Riluzole is an inhibitor of glutamate release that enhances synaptic AMPA receptor expression and blocks NMDA receptor activation. It has been shown to improve MADRS scores in patients with treatment resistant MDD.

Riluzole did not maintain the acute antidepressant effects of ketamine in Mathew et al. (2010), but Brennan et al. (2010) reported significant improvements in bipolar disorder depression scores using riluzole 100 – 200 mg.

3.2.1. Memantine

Memantine is a derivative of amantadine, an NMDA receptor antagonist, and may have agonist activity at dopamine D2 receptors. It was used in the treatment of moderate to severe Alzheimer’s dementia, but the evidence for its antidepressant effect is not clear.

3.2.2. Amantadine

Amantadine is an NMDA antagonist that has been used for the treatment of Parkinson’s disease and has been shown to improve mood in humans with “chronic depressive syndrome”. However, there is no RCT evidence to support its efficacy in depression.

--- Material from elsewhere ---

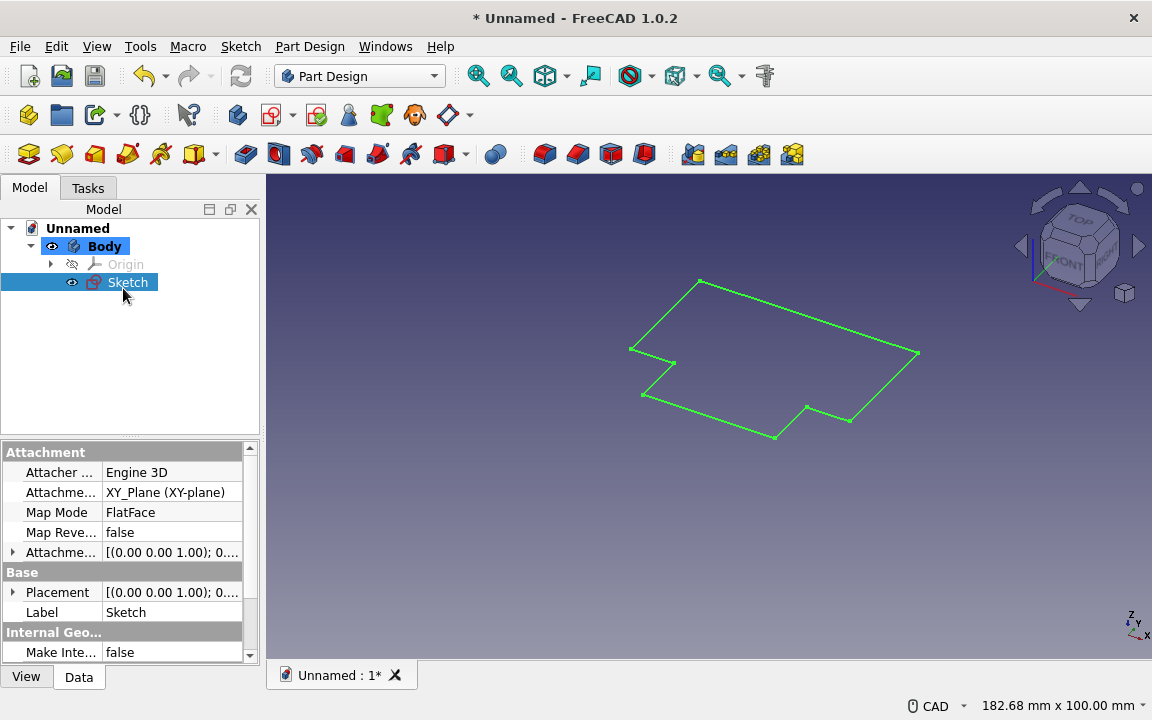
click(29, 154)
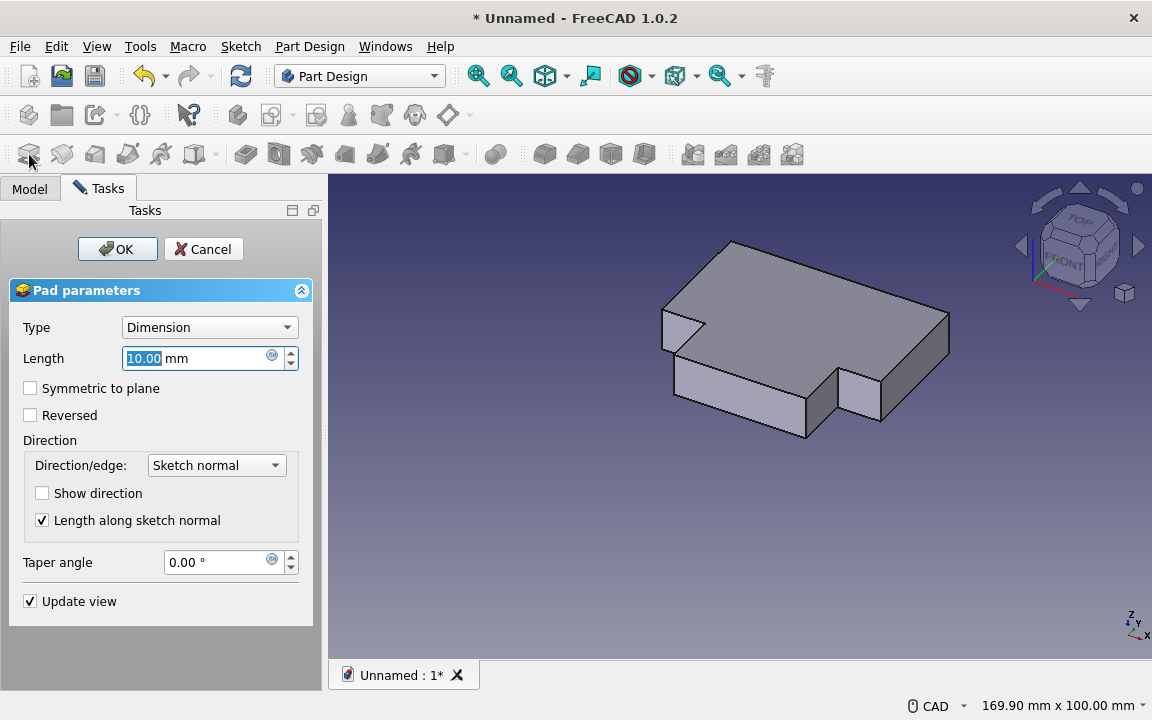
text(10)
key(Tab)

3.2.3. Traxoprodil (CP-101,606)

CP-101,606 is an GluN2B subunit selective NMDA receptor antagonist that has been studied as adjunctive therapy to paroxetine. It produced a 60% response rate versus 20% for placebo on the HAM-D and was maintained in 42% of patients till 15 days after.

3.2.4. GLYX-13

GLYX-13, a novel NMDA receptor glycine site functional partial agonist, was reported to have antidepressant effects within 24 hours.

3.2.5. MK-0657

Ibrahim et al. (2012a) investigated MK-0657, a GluN2B antagonist, in treatment resistant MDD patients for 12 days. No significant improvement was noted on MADRS, although significant improvement was noted on BDI and HAM-D.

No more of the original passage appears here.